TASK DESCRIPTION:
For every line in the material below that holds "agent", report the line.

MATERIAL SUPPLIED:
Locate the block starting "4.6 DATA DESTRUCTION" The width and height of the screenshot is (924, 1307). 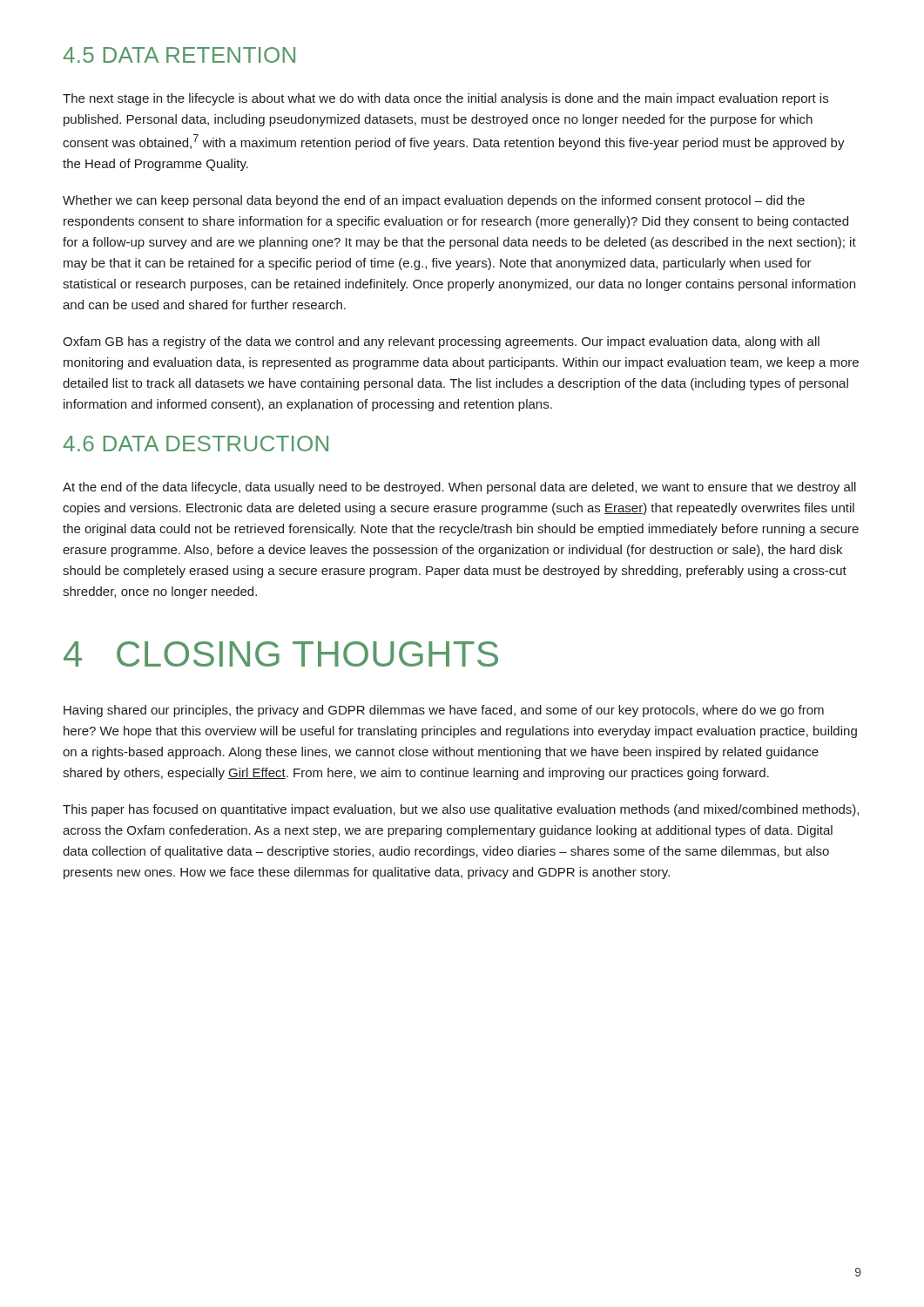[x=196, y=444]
* * *
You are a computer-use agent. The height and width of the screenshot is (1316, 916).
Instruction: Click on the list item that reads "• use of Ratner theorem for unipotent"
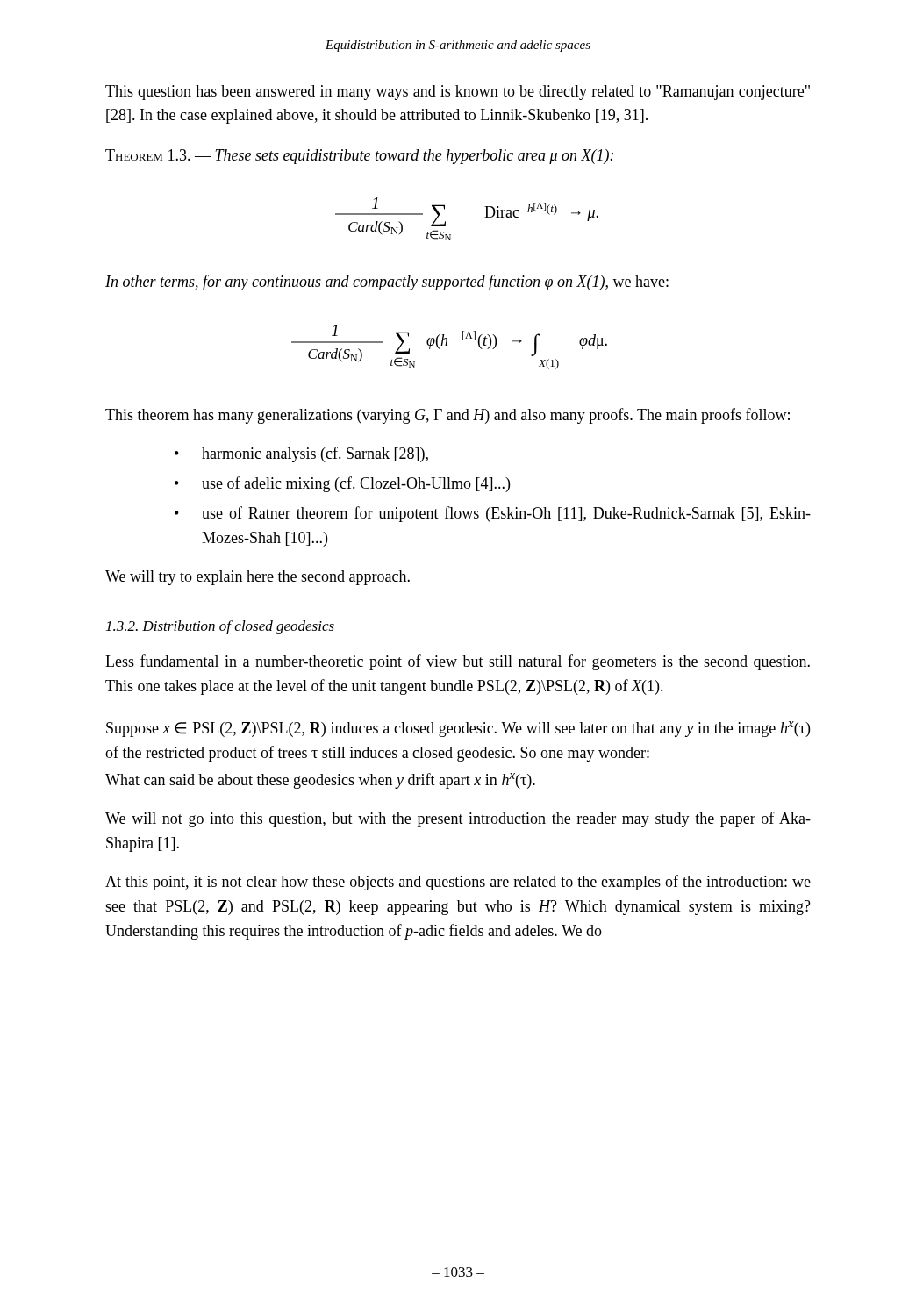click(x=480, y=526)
==
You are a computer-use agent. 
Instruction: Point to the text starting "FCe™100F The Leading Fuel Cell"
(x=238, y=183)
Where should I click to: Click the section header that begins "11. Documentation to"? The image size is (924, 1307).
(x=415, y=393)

ANSWER SPACE:
You are a computer-use agent. The height and width of the screenshot is (1316, 916).
You are a computer-use agent. 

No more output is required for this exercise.